The Court held a hearing on the Motion on November 9, 2017. See Transcript of Motion Proceedings on November 9, 2017 at 1 (taken November 9, 2017), filed November 20, 2017 (Doc. 1457)("Tr."). C. Garcia noted that the United States "chose not to file a response." Tr. at 184:17-18 (Sirignano). C. Garcia said that the FBI conducted DNA analyses, but that he had received only the examiner's report. See Tr. at 185:7-11 (Sirignano). C. Garcia said that the FBI had recently "changed its DNA procedures," and C. Garcia argued that the United States should disclose collection, storage, and other DNA records so that the "defense DNA expert [can] do what it needs to do based on the subjectivity of the [FBI's new DNA procedures]." Tr. at 185:13-17 (Sirignano).

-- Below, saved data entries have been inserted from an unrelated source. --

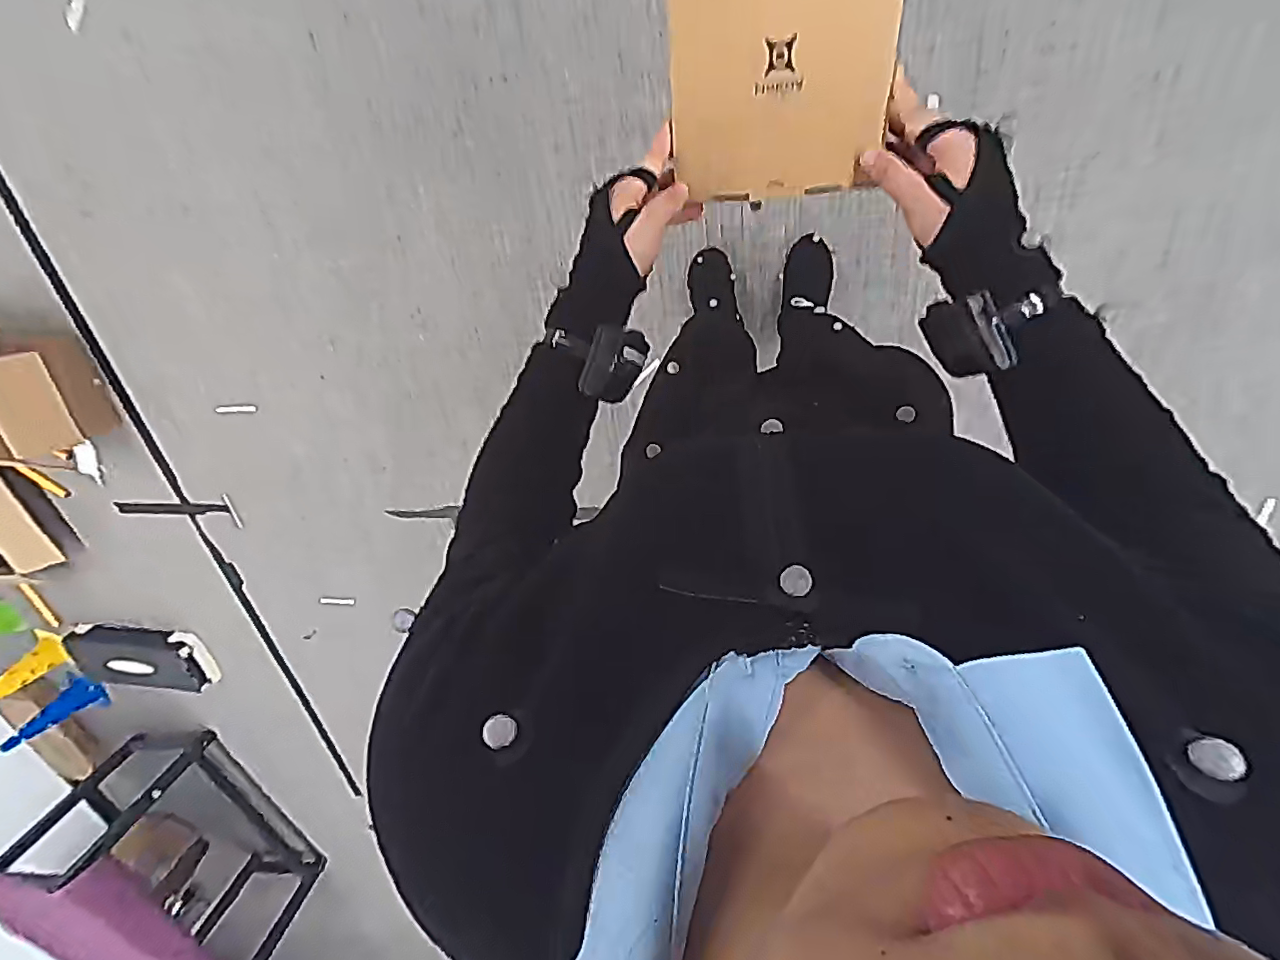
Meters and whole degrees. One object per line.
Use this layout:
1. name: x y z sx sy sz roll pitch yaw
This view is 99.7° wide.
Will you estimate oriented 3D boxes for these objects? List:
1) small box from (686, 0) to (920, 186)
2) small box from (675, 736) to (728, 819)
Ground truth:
1. small box: 0.125 -0.357 0.462 0.168 0.176 0.179 0 119 10
2. small box: 0.209 0.996 1.815 0.168 0.176 0.179 1 118 9
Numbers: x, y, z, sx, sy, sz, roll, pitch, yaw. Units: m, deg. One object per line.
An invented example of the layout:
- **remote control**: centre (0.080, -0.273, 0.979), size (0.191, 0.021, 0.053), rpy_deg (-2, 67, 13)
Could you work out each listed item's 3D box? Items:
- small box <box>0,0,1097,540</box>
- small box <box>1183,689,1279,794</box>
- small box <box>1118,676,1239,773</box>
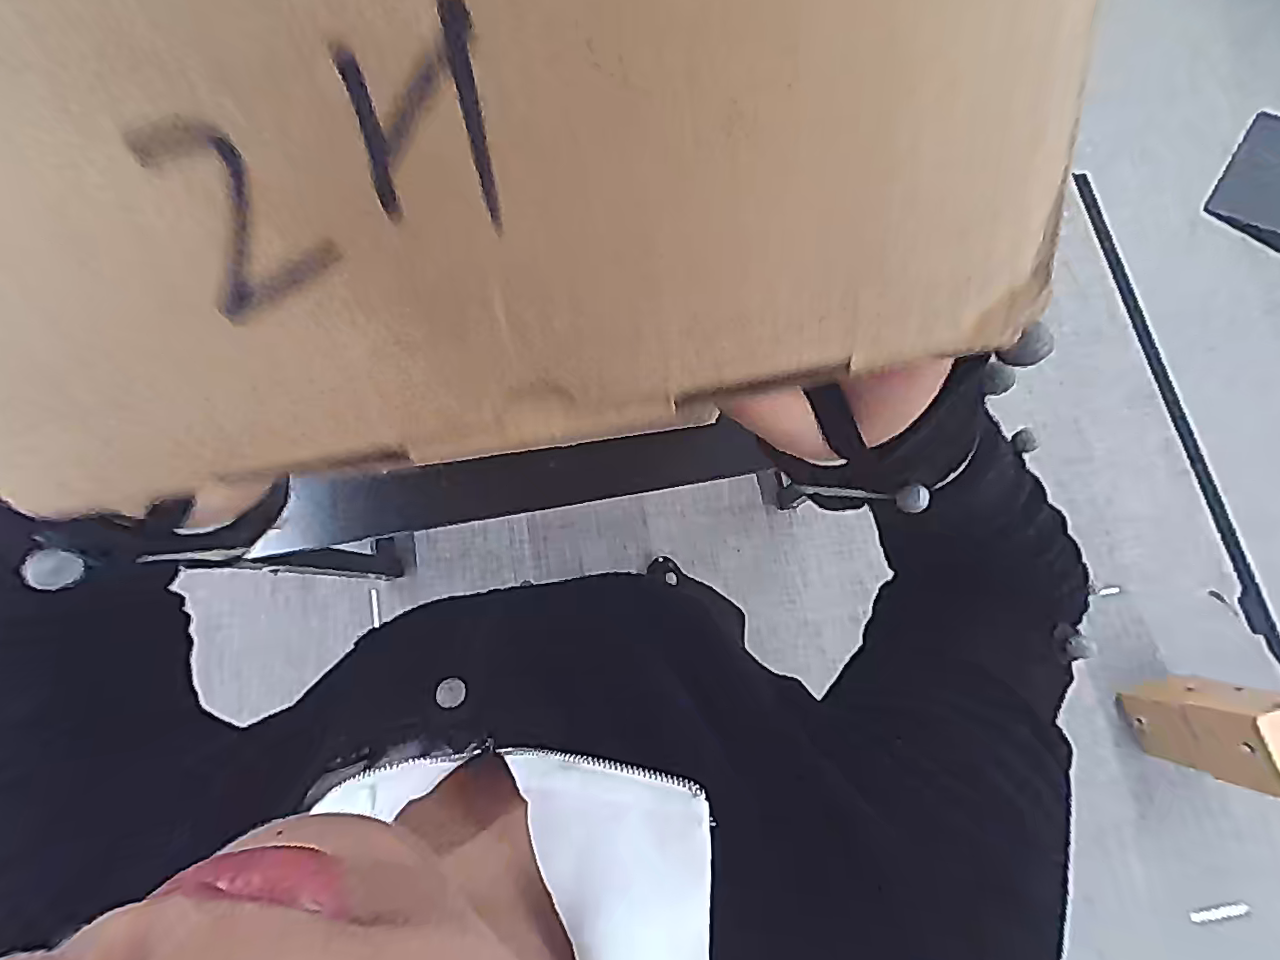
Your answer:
- **small box**: centre (-0.038, -0.115, 0.121), size (0.168, 0.176, 0.179), rpy_deg (-10, 117, -1)
- **small box**: centre (1.394, 0.579, 1.209), size (0.168, 0.176, 0.179), rpy_deg (-14, 78, -3)
- **small box**: centre (1.389, 0.610, 1.371), size (0.179, 0.176, 0.168), rpy_deg (-16, 77, -3)
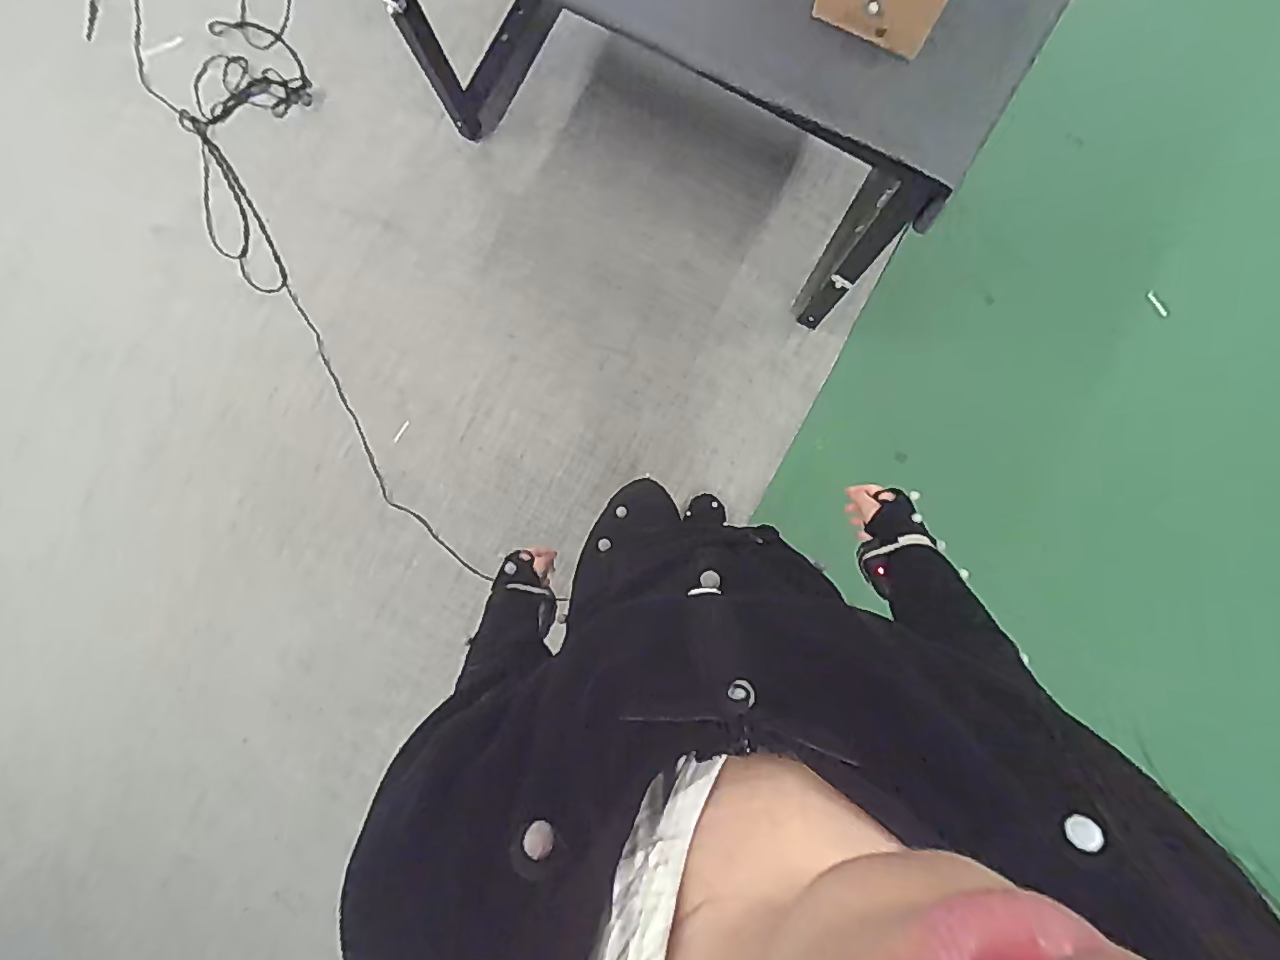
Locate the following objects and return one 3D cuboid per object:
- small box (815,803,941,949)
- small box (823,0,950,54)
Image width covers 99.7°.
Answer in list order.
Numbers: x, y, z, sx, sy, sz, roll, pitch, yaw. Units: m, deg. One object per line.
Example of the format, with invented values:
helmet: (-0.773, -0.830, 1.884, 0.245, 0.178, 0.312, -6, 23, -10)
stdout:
small box: (0.527, 0.879, 1.220, 0.179, 0.176, 0.168, 28, 91, 4)
small box: (0.362, -0.724, 0.704, 0.168, 0.176, 0.179, 28, 90, 5)
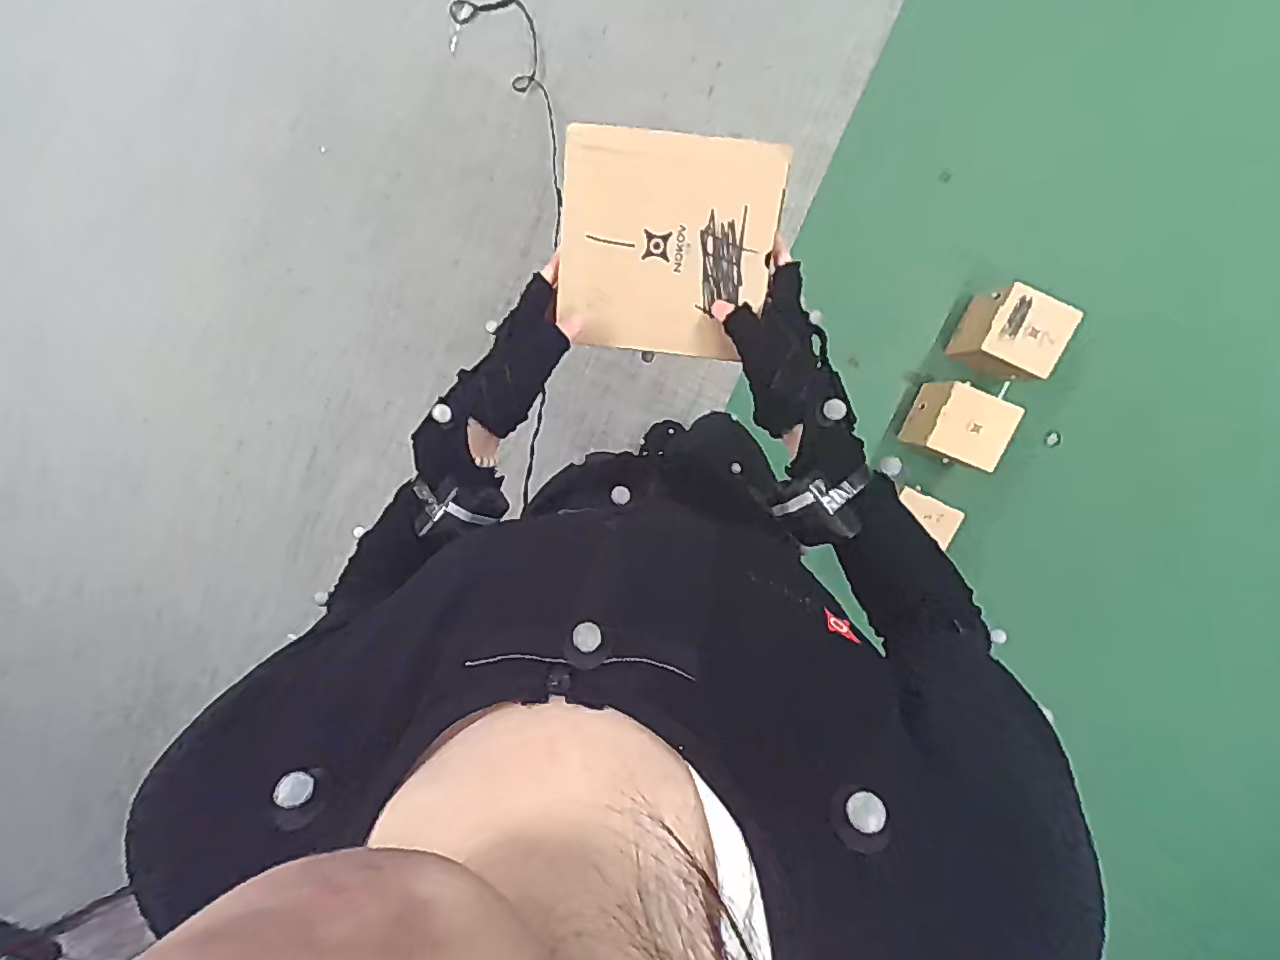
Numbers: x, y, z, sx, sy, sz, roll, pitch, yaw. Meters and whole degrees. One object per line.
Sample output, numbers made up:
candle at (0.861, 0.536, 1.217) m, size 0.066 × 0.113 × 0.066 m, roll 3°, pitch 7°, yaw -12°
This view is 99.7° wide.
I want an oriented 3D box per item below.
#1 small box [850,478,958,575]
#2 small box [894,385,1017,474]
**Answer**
small box at (0.671, 0.114, 1.405) m, size 0.168 × 0.176 × 0.179 m, roll 25°, pitch 100°, yaw -1°
small box at (0.784, -0.133, 1.362) m, size 0.179 × 0.176 × 0.168 m, roll 22°, pitch 100°, yaw 0°
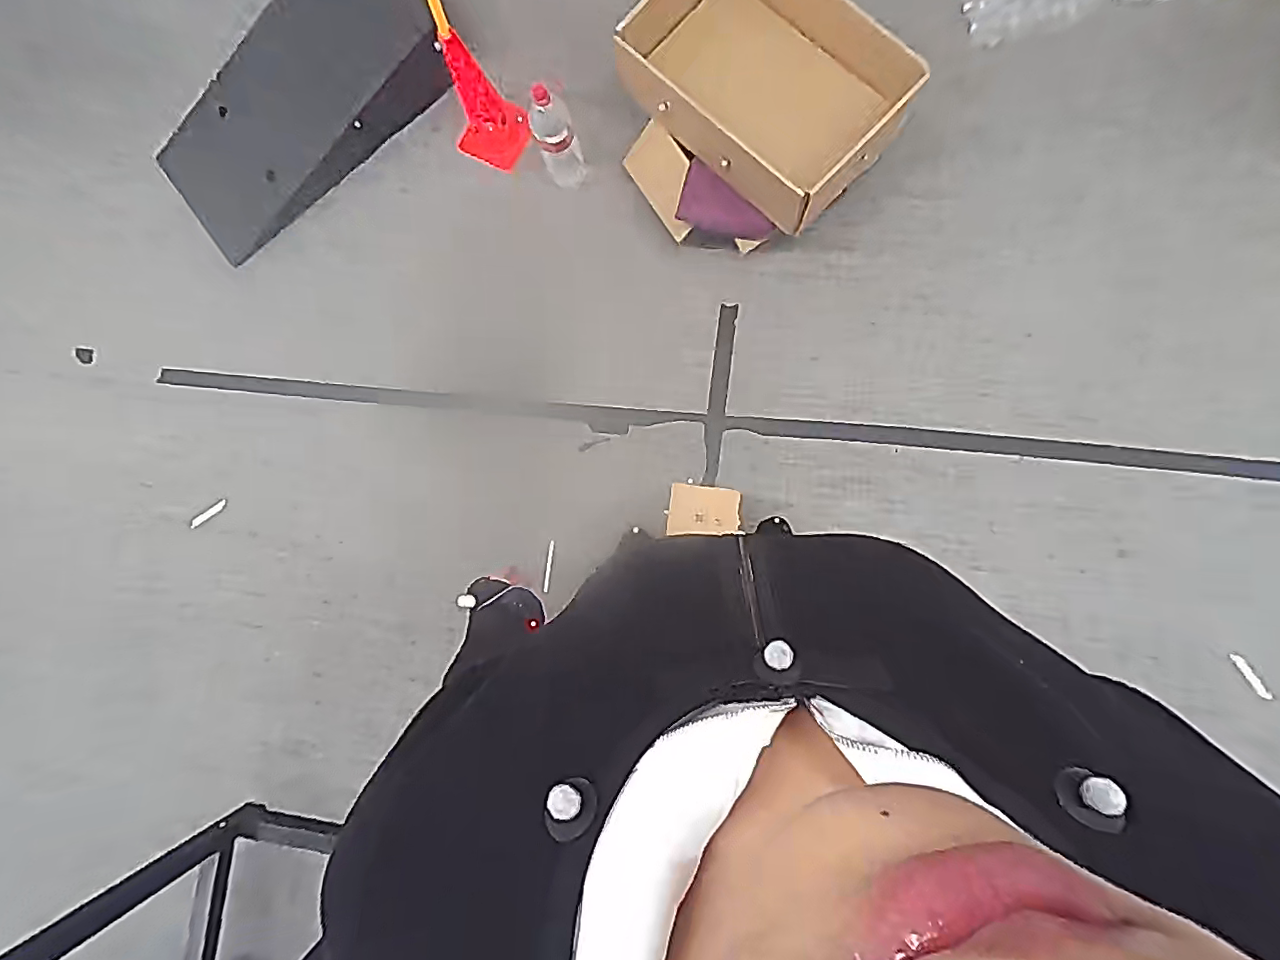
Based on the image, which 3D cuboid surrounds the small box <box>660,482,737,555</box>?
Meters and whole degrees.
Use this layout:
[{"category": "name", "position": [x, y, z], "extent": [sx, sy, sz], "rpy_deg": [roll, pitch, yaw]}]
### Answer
[{"category": "small box", "position": [0.154, 0.102, 1.431], "extent": [0.179, 0.176, 0.168], "rpy_deg": [7, 88, 5]}]
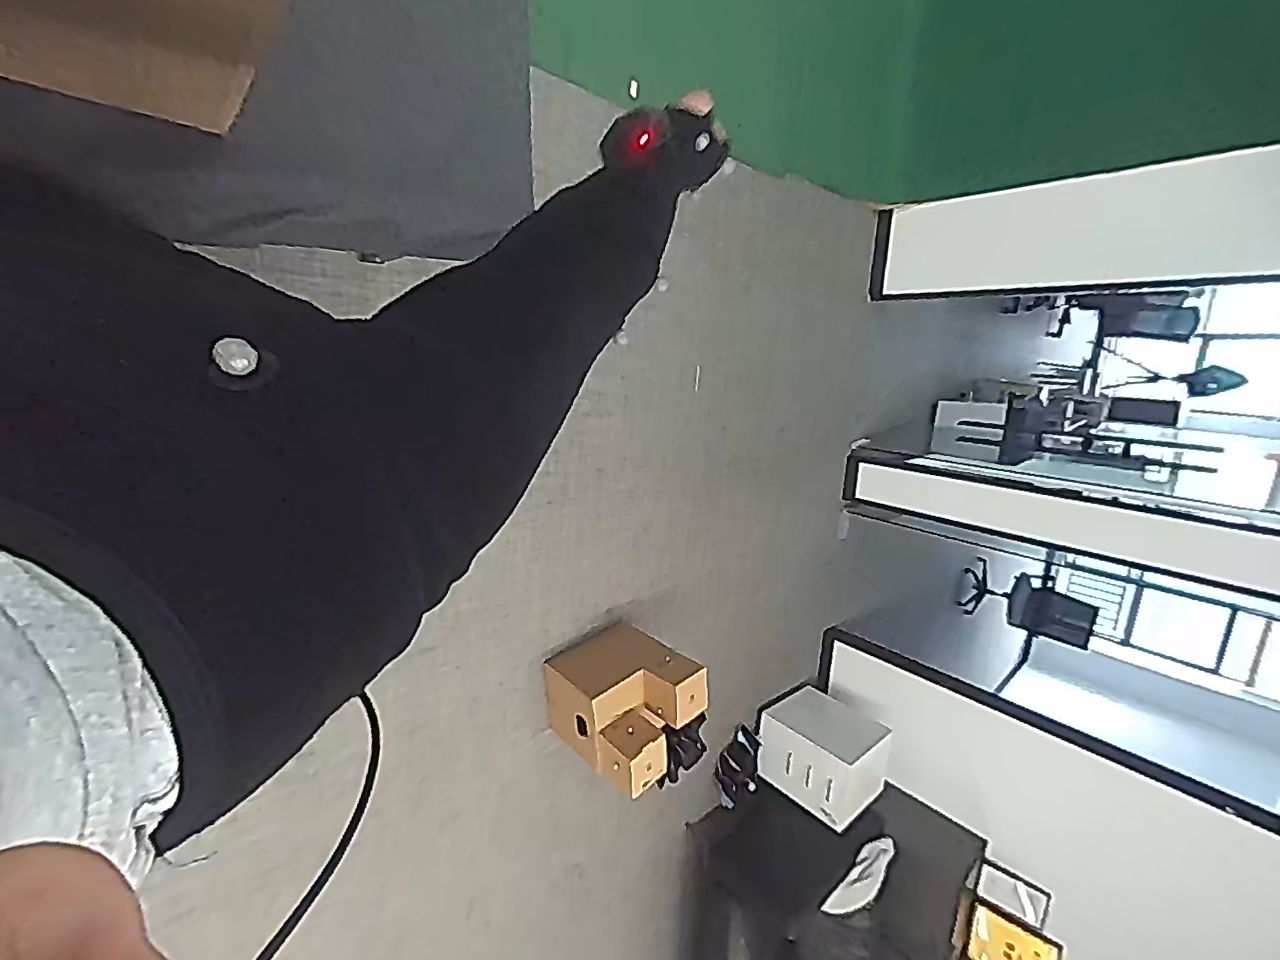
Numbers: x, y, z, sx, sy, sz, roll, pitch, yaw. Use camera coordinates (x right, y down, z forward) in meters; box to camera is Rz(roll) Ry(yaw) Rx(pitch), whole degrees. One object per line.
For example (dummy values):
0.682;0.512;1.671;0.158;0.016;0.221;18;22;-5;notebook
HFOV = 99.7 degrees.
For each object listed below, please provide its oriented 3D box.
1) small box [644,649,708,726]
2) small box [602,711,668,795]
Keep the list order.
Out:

The Court stated its concern that, "if there is no problem with the DNA that you know of, it just seems to me that this is a fishing expedition." Tr. at 186:2-4 (Court). The Court further noted that there is no "reason to think that there is a problem with the DNA or the lab or the testing. And so it seems to me this is probably something you're not entitled to under the criminal rules." Tr. at 186:6-10 (Court). C. Garcia argued that the FBI's new DNA procedures are "a problem," because the FBI's new system changed the "likelihood ratios." Tr. at 186:15-21 (Sirignano). C. Garcia argued that he is entitled to discovery "[b]ased on the subjectivity of the new standards [and] the way that the examiner is now looking at different electropherograms." Tr. at 187:1-3 (Sirignano). The Court responded that it interpreted C. Garcia's argument as saying: "Any criminal defendant that has DNA tested by the FBI is entitled to all this information. That just can't be the law, can it?" Tr. at 187:8-10 (Court). The Court added that C. Garcia had not shown "any evidence of unreliability" in the FBI's testing methods. Tr. at 187:15-16 (Court). C. Garcia stated that all he has is "a piece of paper with an opinion" from the FBI, and therefore he does not "know how [the] examiner from the FBI got to the conclusion that it made." Tr. at 188:24-25 (Sirignano). According to C. Garcia, he cannot "challenge what [the FBI] did without having a record of each step that every DNA examiner must take now with this new science, and to make sure that it was done properly." Tr. at 189:10-13 (Sirignano). C. Garcia summarized that "all [he is] asking for is what [the FBI] did, their standard operating procedures[,] if they followed the standard operating procedures, [and] why the FBI changed their likelihood ratios in June 2017 to a different standard of likelihood ratios in July." Tr. at 189:21-25 (Sirignano).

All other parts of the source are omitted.